:: Task statement ::
I'd like the entries that follow repeated exactly, with the pictures left out.

(Dataset entries)

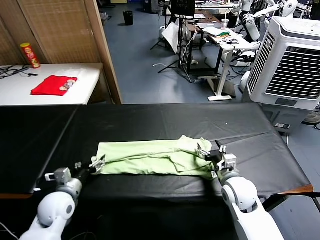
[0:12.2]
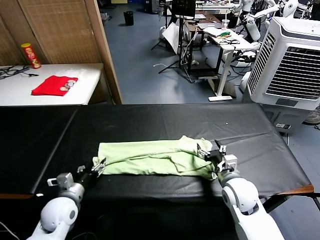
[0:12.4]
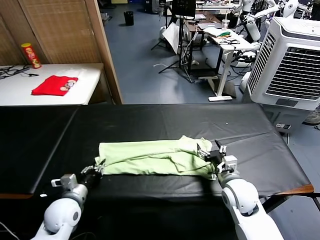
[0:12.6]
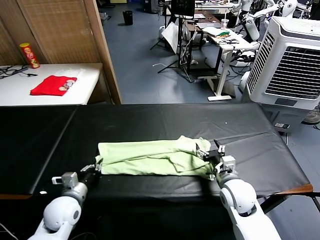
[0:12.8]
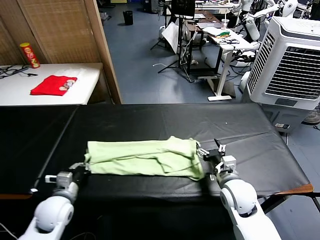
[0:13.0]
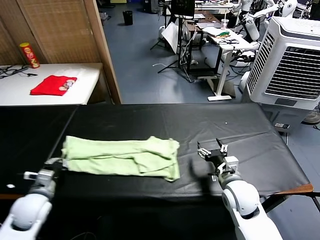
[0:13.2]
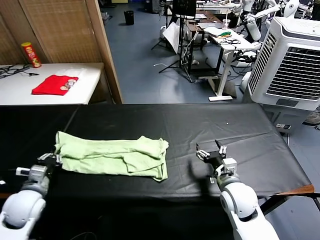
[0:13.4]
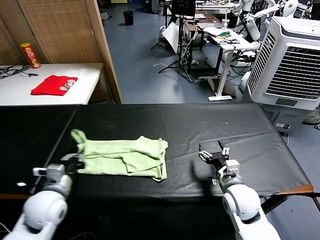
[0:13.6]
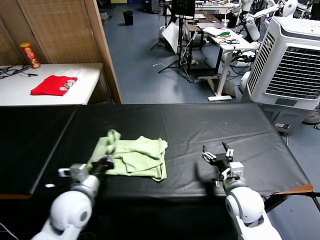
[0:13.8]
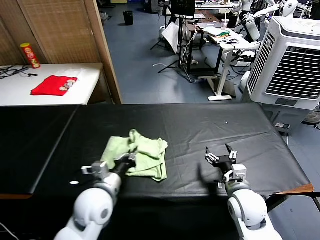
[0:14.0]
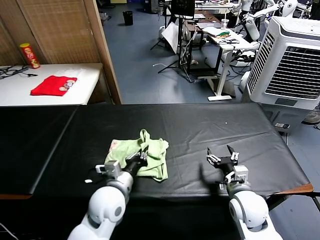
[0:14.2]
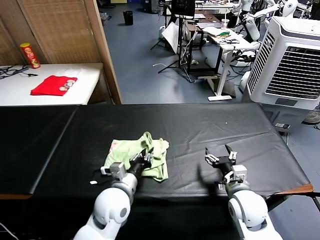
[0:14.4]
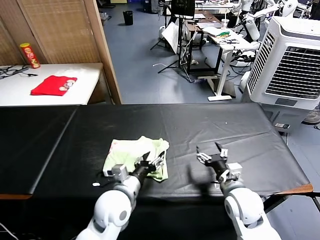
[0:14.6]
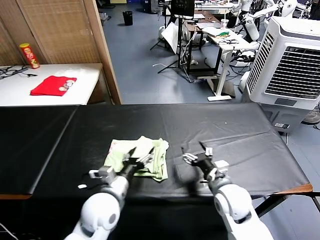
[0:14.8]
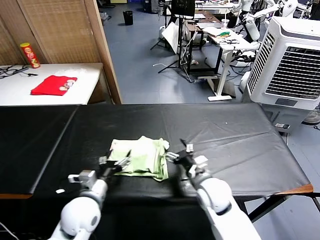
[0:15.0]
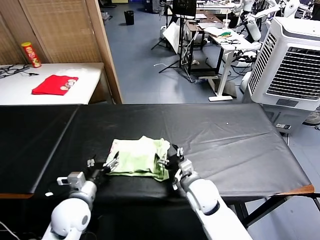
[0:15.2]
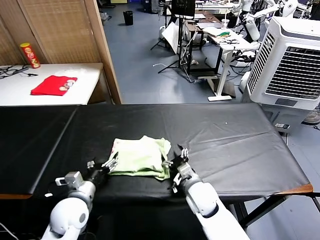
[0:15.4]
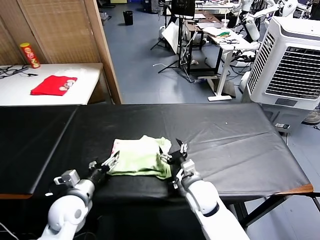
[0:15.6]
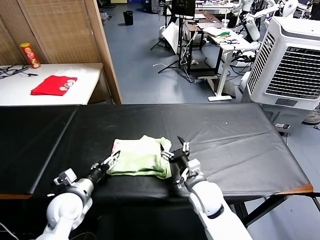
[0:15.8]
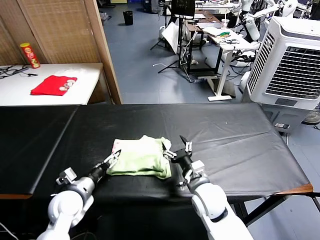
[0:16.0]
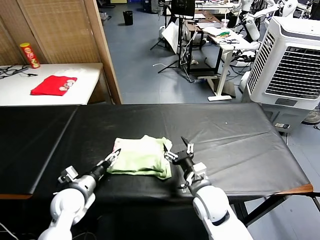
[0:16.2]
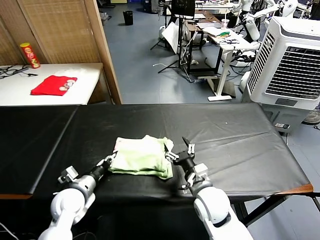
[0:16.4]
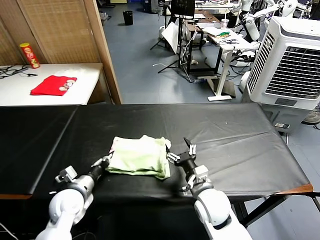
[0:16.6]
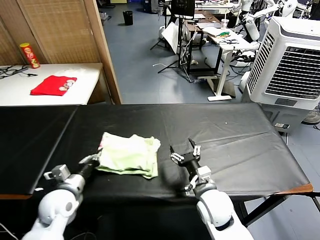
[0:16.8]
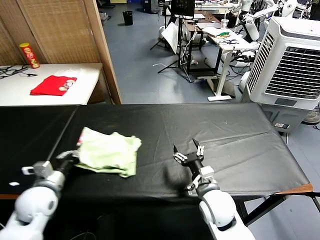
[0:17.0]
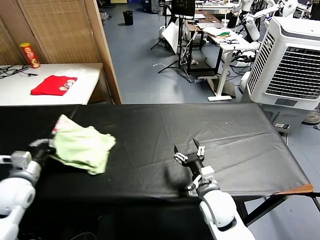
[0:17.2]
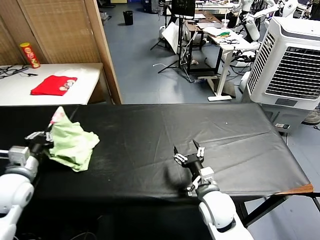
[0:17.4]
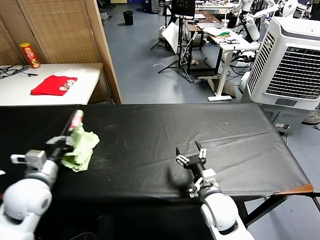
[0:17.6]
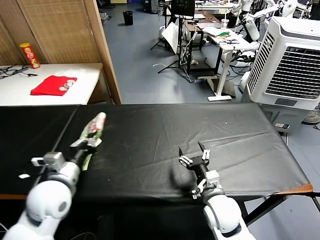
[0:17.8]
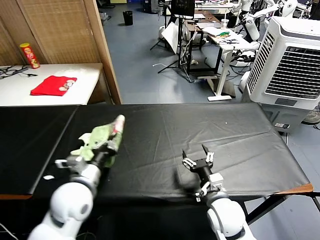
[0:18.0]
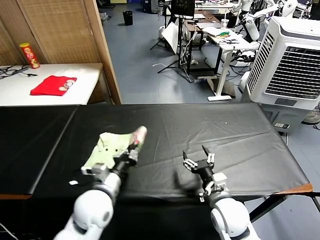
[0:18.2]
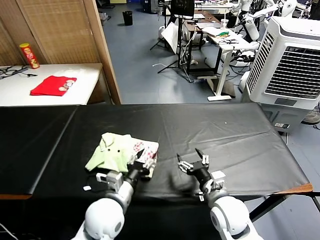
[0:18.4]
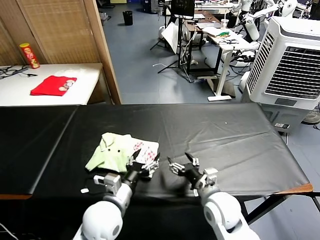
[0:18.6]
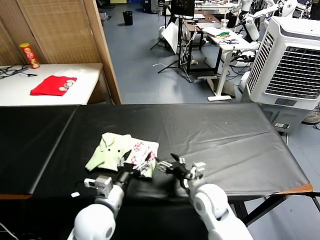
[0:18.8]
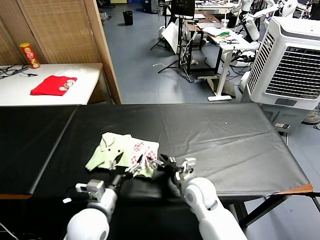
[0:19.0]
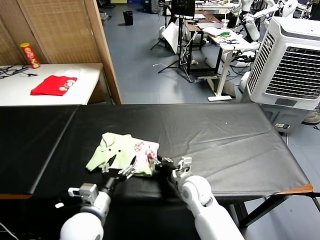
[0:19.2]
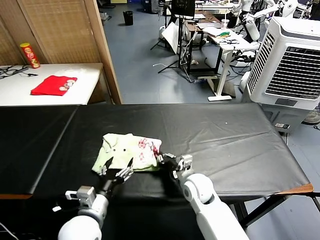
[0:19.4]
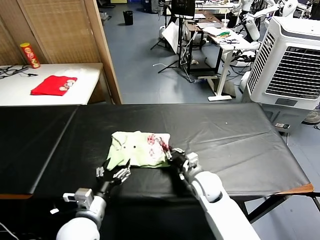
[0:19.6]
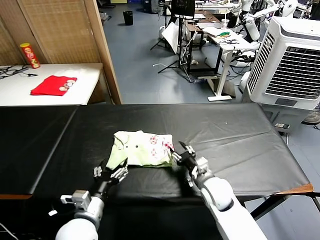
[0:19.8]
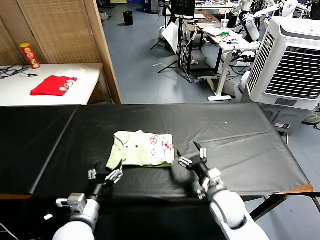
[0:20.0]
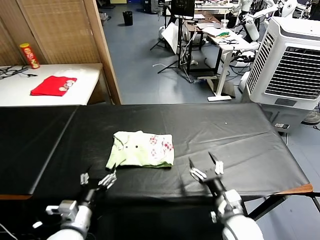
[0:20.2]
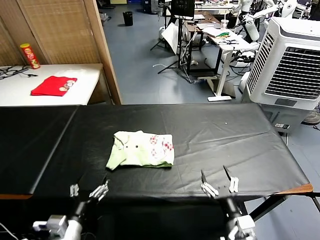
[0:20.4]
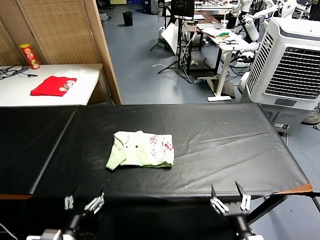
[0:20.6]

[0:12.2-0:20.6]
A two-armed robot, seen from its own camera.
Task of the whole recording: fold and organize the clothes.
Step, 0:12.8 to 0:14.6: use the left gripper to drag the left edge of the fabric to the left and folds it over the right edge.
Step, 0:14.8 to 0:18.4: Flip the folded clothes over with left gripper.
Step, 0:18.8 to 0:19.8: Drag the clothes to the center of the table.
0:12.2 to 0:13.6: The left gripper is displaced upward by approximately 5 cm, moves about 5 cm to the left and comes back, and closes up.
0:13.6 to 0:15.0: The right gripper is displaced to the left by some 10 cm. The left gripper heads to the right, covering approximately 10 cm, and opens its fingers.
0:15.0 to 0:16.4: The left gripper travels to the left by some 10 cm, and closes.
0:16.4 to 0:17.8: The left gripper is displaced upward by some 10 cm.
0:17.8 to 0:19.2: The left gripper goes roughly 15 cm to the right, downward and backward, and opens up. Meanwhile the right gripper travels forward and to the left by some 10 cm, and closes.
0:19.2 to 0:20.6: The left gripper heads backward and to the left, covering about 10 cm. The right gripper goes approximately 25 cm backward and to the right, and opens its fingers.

:: Solved problem ::
[0:12.2]
[0:12.4]
[0:12.6]
[0:12.8]
[0:13.0]
[0:13.2]
[0:13.4]
[0:13.6]
[0:13.8]
[0:14.0]
[0:14.2]
[0:14.4]
[0:14.6]
[0:14.8]
[0:15.0]
[0:15.2]
[0:15.4]
[0:15.6]
[0:15.8]
[0:16.0]
[0:16.2]
[0:16.4]
[0:16.6]
[0:16.8]
[0:17.0]
[0:17.2]
[0:17.4]
[0:17.6]
[0:17.8]
[0:18.0]
[0:18.2]
[0:18.4]
[0:18.6]
[0:18.8]
[0:19.0]
[0:19.2]
[0:19.4]
[0:19.6]
[0:19.8]
[0:20.0]
[0:20.2]
[0:20.4]
[0:20.6]

[0:12.2-0:20.6]
A two-armed robot, seen from its own camera.
Task of the whole recording: fold and organize the clothes.
Step, 0:12.8 to 0:14.6: use the left gripper to drag the left edge of the fabric to the left and folds it over the right edge.
Step, 0:14.8 to 0:18.4: Flip the folded clothes over with left gripper.
Step, 0:18.8 to 0:19.8: Drag the clothes to the center of the table.
0:12.2 to 0:13.6: The left gripper is displaced upward by approximately 5 cm, moves about 5 cm to the left and comes back, and closes up.
0:13.6 to 0:15.0: The right gripper is displaced to the left by some 10 cm. The left gripper heads to the right, covering approximately 10 cm, and opens its fingers.
0:15.0 to 0:16.4: The left gripper travels to the left by some 10 cm, and closes.
0:16.4 to 0:17.8: The left gripper is displaced upward by some 10 cm.
0:17.8 to 0:19.2: The left gripper goes roughly 15 cm to the right, downward and backward, and opens up. Meanwhile the right gripper travels forward and to the left by some 10 cm, and closes.
0:19.2 to 0:20.6: The left gripper heads backward and to the left, covering about 10 cm. The right gripper goes approximately 25 cm backward and to the right, and opens its fingers.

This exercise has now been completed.